James Turrell und László Moholy-Nagy, zwei Visionäre des Lichtraumes. Zwei Künstler ähnlichen Typus. So ähnlich, dass die verschiedenen Attribute, mit denen die beiden im Laufe der Zeit versehen worden sind, beinahe wechselseitig austauschbar erscheinen: „Künstler-Ingenieur“ und „kühner Experimentator“ 1 , „Lichtmagier, […] Naturwissenschaftler und Grenzgänger“ 2 , schließlich: „moderner Leonardo“ und „prototypischer Avantgardist […] des 20. Jahrhunderts“ 3 . Einer am Anfang, einer am Ende besagten Jahrhunderts angesiedelt, arbeiten beide vollkommen auf der Höhe ihrer jeweiligen Zeit, sind ihr streckenweise vielleicht sogar voraus. Dennoch, oder gerade deswegen - stehen sie ihr oftmals kritisch gegenüber. Beide betrieben bzw. betreiben gleichsam gegenstandslose Licht- (und) Raumkunst, die den Betrachter wie hypnotisiert in ihren Bann zu ziehen vermag.

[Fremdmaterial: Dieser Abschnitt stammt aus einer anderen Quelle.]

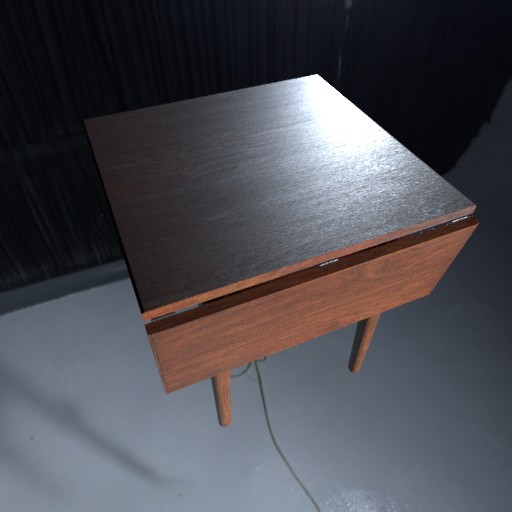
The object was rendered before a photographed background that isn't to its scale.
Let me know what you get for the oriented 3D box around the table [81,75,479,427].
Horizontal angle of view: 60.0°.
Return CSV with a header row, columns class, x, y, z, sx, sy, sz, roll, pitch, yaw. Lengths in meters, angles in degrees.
class,x,y,z,sx,sy,sz,roll,pitch,yaw
table,0.000,0.000,1.472,0.812,0.763,0.843,-17,48,-16

Beiden scheint dabei der künstlerische Ansatz gemeinsam zu sein, ihren Mitmenschen einen neuen Blick auf die jeweilige Zeit und ihr Verhältnis zu deren (technischen, medialen) Möglichkeiten eröffnen zu wollen. Beide thematisieren das Sehen und die Wahrnehmung an sich und beide wollen im klassischen Sinne nichts ‚zeigen’ oder ‚ausstellen’, sondern den Prozess des Betrachtens und Erkennens selbst bewusst machen, befragen und in Bezug zum Leben darum herum setzen, ihn gleichsam ‚durchleuchten’. Beide entdecken relativ früh in ihrem künstlerischen Leben das Licht als das dafür perfekt geeignete Medium, Instrument und Material. Beide setzen sich über vermeintlich strikte Feldertrennungen hinweg und nutzen für ihre Arbeiten fundierte, teils selbst erarbeitete (natur-) wissenschaftliche Grundlagen, die ihrer Kunst neue Türen öffnen. Beiden ist daher auch eine sehr experimentelle Arbeitsweise eigen. Beide wollen ihr ‚Publikum’ auf sich selbst zurückwerfen, zeigen ihm mit ihren Arbeiten gleichzeitig Grenzen und Fragen wie auch neue, noch nicht komplett er- und durchdachte geistige Räume auf. Schlussendlich sind sich beide dieser höchst philosophischen Dimension ihres Schaffens mehr als bewusst. Moholy-Nagy formuliert
1 vgl. David, Catherine: Vision, Motion, Emotion: Moholy-Nagys experimenteller Ansatz. in:
Documenta: 1991, S. 11.
2 Herwig: 2005, S.17.
3 David: 1991. S. 11.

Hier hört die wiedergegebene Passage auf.